Des avions « nouvelle génération » dès la prochaine décennie
Pour cet avion de démonstration, Boeing utilisera des éléments de véhicules existants et les intégrera à des composants entièrement nouveaux. L’aile transsonique à treillis est le fruit de plus d’une décennie de recherches et développements, soutenus par la NASA, Boeing et ses partenaires industriels. Boeing a notamment procédé à des essais approfondis en soufflerie à petite échelle et à une modélisation numérique pour faire progresser la conception de la TTBW. Il est temps de réaliser et de tester un prototype grandeur nature.
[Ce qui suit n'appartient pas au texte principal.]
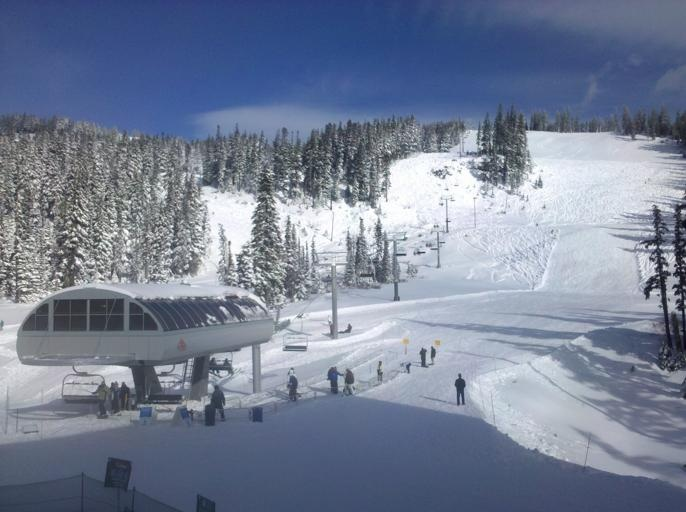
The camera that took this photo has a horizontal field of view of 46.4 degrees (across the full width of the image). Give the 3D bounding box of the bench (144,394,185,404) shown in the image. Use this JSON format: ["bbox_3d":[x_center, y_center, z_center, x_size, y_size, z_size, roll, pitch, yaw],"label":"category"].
[{"bbox_3d":[-12.256,9.823,54.959,2.313,0.590,0.760,-3,2,-7],"label":"bench"}]

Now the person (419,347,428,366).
[{"bbox_3d":[6.428,8.044,63.966,0.539,1.360,1.313,-2,2,6],"label":"person"}]

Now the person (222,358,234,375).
[{"bbox_3d":[-8.836,8.476,61.427,1.045,0.626,1.420,0,5,2],"label":"person"}]

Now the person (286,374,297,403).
[{"bbox_3d":[-3.535,9.167,55.942,0.581,1.724,0.956,-2,2,-6],"label":"person"}]

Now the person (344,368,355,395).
[{"bbox_3d":[0.453,8.925,56.844,0.737,1.730,0.752,-3,2,-11],"label":"person"}]

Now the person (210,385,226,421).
[{"bbox_3d":[-8.343,9.714,53.233,0.873,2.337,1.481,-3,2,-11],"label":"person"}]
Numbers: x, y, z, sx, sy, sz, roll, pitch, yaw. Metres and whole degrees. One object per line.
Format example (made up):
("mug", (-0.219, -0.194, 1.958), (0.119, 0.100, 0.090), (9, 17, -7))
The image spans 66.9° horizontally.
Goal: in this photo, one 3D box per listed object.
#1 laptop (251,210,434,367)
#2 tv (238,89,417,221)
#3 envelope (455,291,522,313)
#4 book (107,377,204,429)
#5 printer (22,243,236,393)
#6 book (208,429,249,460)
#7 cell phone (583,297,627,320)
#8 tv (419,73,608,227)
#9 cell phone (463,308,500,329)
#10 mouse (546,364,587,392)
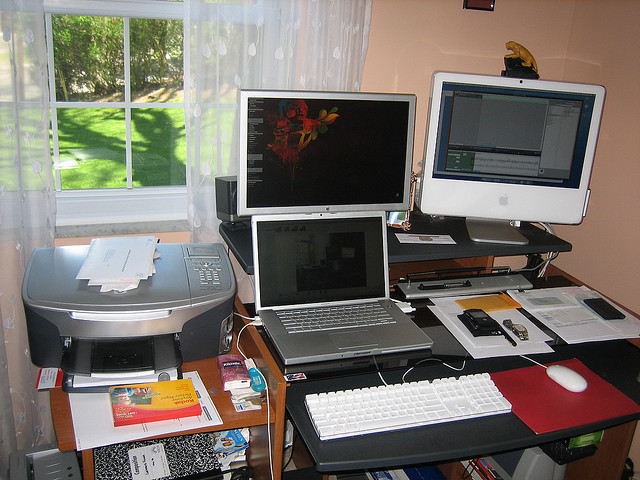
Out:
("laptop", (0.027, 0.127, 1.589), (0.580, 0.384, 0.480), (-5, 27, -21))
("tv", (0.001, -0.295, 1.632), (0.473, 0.319, 0.012), (-3, 16, -15))
("envelope", (0.616, 0.231, 1.801), (0.201, 0.015, 0.110), (-5, 15, -19))
("book", (-0.481, 0.471, 1.404), (0.240, 0.038, 0.157), (3, 19, -31))
("printer", (-0.630, 0.234, 1.666), (0.624, 0.428, 0.509), (-4, 24, -19))
("book", (-0.314, 0.687, 1.649), (0.111, 0.028, 0.115), (-12, 33, -29))
("cell phone", (1.065, 0.256, 1.811), (0.117, 0.037, 0.118), (-5, 20, -15))
("tv", (0.720, -0.338, 1.842), (0.618, 0.533, 0.126), (6, 21, -3))
("cell phone", (0.558, 0.272, 1.682), (0.089, 0.031, 0.106), (-5, 20, -14))
("mouse", (0.757, 0.417, 1.476), (0.067, 0.028, 0.088), (-7, 27, -22))
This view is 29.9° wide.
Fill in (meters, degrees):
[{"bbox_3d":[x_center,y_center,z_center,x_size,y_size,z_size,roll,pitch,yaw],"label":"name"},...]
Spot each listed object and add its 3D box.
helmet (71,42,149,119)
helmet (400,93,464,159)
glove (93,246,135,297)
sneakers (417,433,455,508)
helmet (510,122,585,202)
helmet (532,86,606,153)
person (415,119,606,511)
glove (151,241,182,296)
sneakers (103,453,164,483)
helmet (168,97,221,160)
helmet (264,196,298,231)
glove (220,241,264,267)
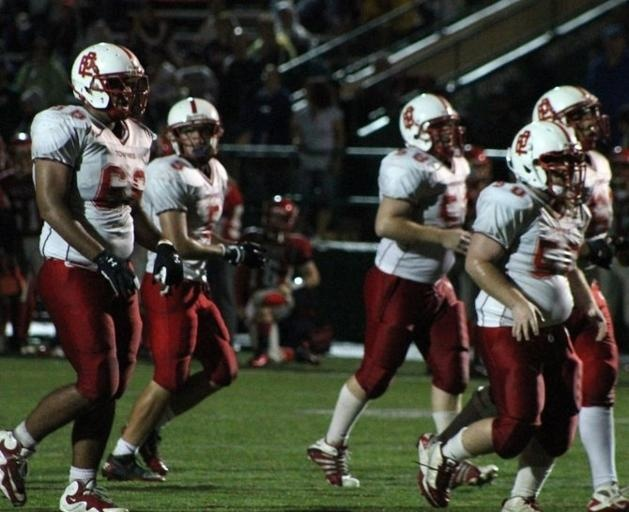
[{"bbox_3d":[-0.905,-0.846,5.597,0.402,0.314,0.333,20,30,34],"label":"helmet"},{"bbox_3d":[0.623,-0.696,6.268,0.386,0.360,0.293,2,10,16],"label":"helmet"},{"bbox_3d":[-0.888,0.082,5.320,0.064,0.212,0.166,-33,4,36],"label":"glove"},{"bbox_3d":[0.609,1.043,5.761,0.190,0.348,0.132,-17,-13,20],"label":"sneakers"},{"bbox_3d":[1.080,-0.449,5.451,0.405,0.355,0.308,8,20,32],"label":"helmet"},{"bbox_3d":[1.313,-0.735,6.178,0.397,0.329,0.296,2,25,30],"label":"helmet"},{"bbox_3d":[0.894,0.299,5.459,0.688,1.873,0.425,3,2,10],"label":"person"},{"bbox_3d":[-0.689,0.061,5.629,0.136,0.239,0.106,33,24,21],"label":"glove"},{"bbox_3d":[-0.964,1.106,6.138,0.370,0.152,0.121,5,-3,-10],"label":"sneakers"},{"bbox_3d":[-0.653,-0.691,6.360,0.300,0.306,0.345,-4,15,-16],"label":"helmet"},{"bbox_3d":[-0.295,-0.381,10.568,0.297,0.297,0.195,2,2,-17],"label":"helmet"},{"bbox_3d":[-0.394,-0.009,6.338,0.181,0.076,0.131,0,-21,28],"label":"glove"}]
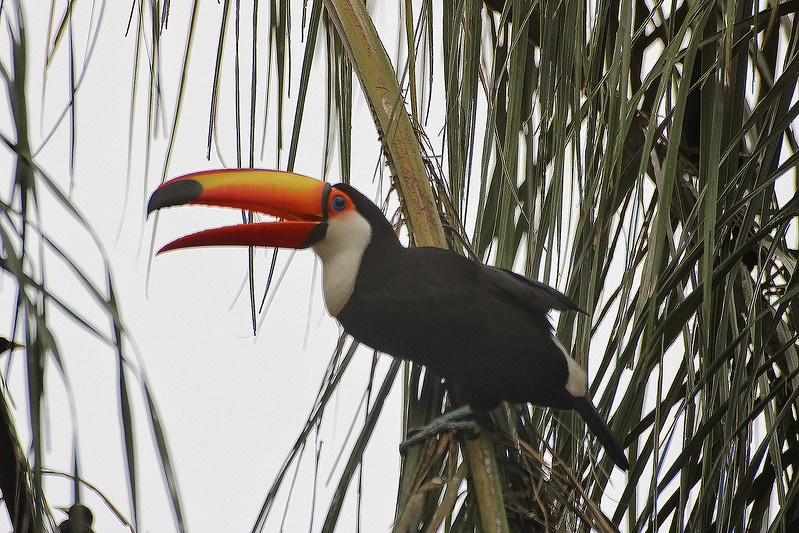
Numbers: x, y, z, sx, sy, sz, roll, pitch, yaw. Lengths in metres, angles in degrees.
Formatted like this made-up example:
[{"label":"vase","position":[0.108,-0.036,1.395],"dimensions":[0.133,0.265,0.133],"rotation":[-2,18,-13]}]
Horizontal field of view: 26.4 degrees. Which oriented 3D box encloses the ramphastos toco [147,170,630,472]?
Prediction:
[{"label":"ramphastos toco","position":[-0.010,0.116,3.178],"dimensions":[0.869,0.546,0.310],"rotation":[4,-22,-9]}]
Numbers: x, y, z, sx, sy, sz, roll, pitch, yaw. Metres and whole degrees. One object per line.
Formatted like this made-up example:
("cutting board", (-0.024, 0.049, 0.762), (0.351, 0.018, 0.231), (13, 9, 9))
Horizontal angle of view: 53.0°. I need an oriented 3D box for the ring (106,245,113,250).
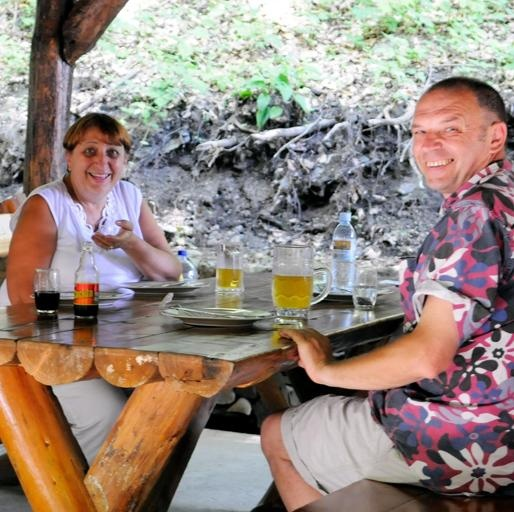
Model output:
("ring", (-0.610, -0.034, 2.109), (0.019, 0.011, 0.015), (1, 2, -3))
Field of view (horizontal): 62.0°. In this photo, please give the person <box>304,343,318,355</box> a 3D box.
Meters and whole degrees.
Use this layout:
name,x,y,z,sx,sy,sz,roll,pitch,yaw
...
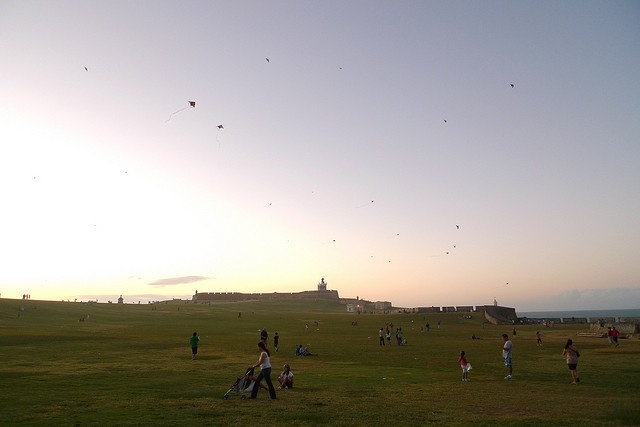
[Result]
name,x,y,z,sx,sy,sz,roll,pitch,yaw
person,-0.917,13.052,50.994,1.260,0.716,1.807,8,-12,-43

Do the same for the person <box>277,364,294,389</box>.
name,x,y,z,sx,sy,sz,roll,pitch,yaw
person,-2.125,10.148,33.311,0.907,1.418,1.048,1,-14,-3

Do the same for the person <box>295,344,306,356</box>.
name,x,y,z,sx,sy,sz,roll,pitch,yaw
person,-1.614,12.270,47.866,0.726,1.098,1.078,14,-10,-26
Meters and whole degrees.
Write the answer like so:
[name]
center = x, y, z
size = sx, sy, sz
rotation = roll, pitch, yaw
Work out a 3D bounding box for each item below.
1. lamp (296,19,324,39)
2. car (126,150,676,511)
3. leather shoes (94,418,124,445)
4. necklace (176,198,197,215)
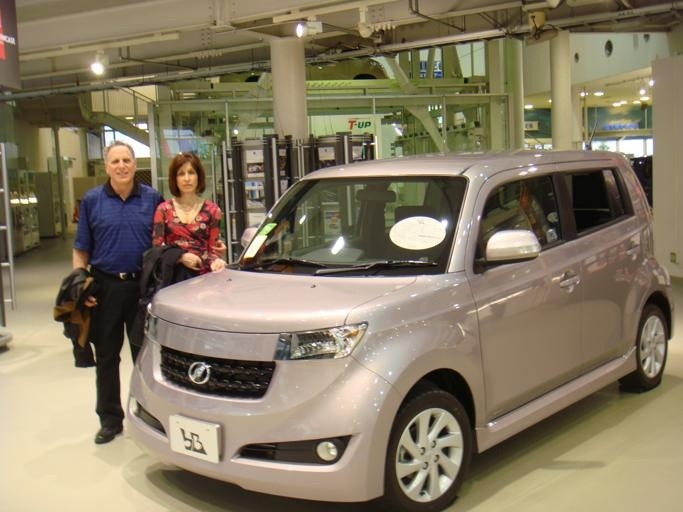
[lamp]
center = -0.551, -3.967, 8.266
size = 0.406, 0.389, 0.509
rotation = -3, 3, 2
[car]
center = 0.562, 0.284, 3.056
size = 3.096, 1.390, 1.829
rotation = -3, 2, -43
[leather shoes]
center = -1.752, 1.327, 3.552
size = 0.092, 0.095, 0.228
rotation = -1, -2, 14
[necklace]
center = -1.174, -0.365, 3.582
size = 0.139, 0.129, 0.034
rotation = 5, -2, -13
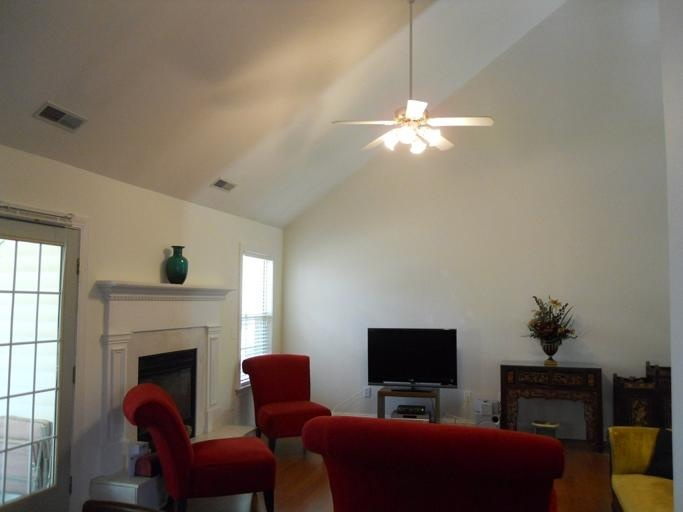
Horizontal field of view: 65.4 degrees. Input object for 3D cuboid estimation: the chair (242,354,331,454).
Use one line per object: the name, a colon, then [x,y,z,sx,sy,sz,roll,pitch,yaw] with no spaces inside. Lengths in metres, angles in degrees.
chair: [-0.666,1.712,6.155,0.961,1.173,0.992,4,-18,-28]

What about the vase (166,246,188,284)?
vase: [-1.632,0.093,5.272,0.204,0.372,0.149,3,-8,-19]

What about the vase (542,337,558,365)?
vase: [2.400,1.092,6.050,0.199,0.295,0.207,-2,-8,12]

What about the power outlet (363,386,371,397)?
power outlet: [0.349,1.777,6.939,0.127,0.185,0.096,-1,-8,11]

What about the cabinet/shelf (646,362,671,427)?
cabinet/shelf: [3.383,1.466,5.636,0.212,0.654,0.373,-4,-9,29]

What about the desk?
desk: [2.250,1.544,5.559,1.028,0.974,0.360,-1,-8,19]

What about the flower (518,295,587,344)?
flower: [2.479,0.733,6.259,0.449,0.697,0.640,4,-10,-15]

Sur sept ans, la NASA investira 425 millions de dollars dans le développement de cet avion de démonstration, tandis que Boeing et ses partenaires industriels injecteront environ 725 millions de dollars. Le constructeur a déjà consacré près de 110 millions à ses recherches préliminaires sur l’aviation durable. Dans le cadre de l’accord, l’agence spatiale apportera également son expertise technique et ses installations.
« Notre objectif est que le partenariat de la NASA avec Boeing pour produire et tester un démonstrateur à grande échelle contribue à créer de futurs avions de ligne commerciaux plus économes en carburant, avec des avantages pour l’environnement, l’industrie de l’aviation commerciale et les passagers du monde entier », a déclaré l’administrateur de la NASA, Bill Nelson, ajoutant que si les tests se déroulent bien, la prochaine génération d’avions monocouloirs pourrait entrer en service au cours de la prochaine décennie.
Avant cela, quelques défis technologiques restent à résoudre. La taille des ailes, pour commencer, pourrait poser quelques difficultés vis-à-vis des dimensions des terminaux et hangars d’aéroports actuels. En 2019, Boeing avait toutefois évoqué des ailes « repliables » d’environ 52 mètres. En outre, les ailes sont si minces que les réservoirs de carburant devront peut-être être finalement réintégrés dans le fuselage (même si le constructeur affirme pour le moment que les ailes montées en hauteur libèrent la place nécessaire aux systèmes de propulsion) — ce qui entraînerait moins de place pour les passagers.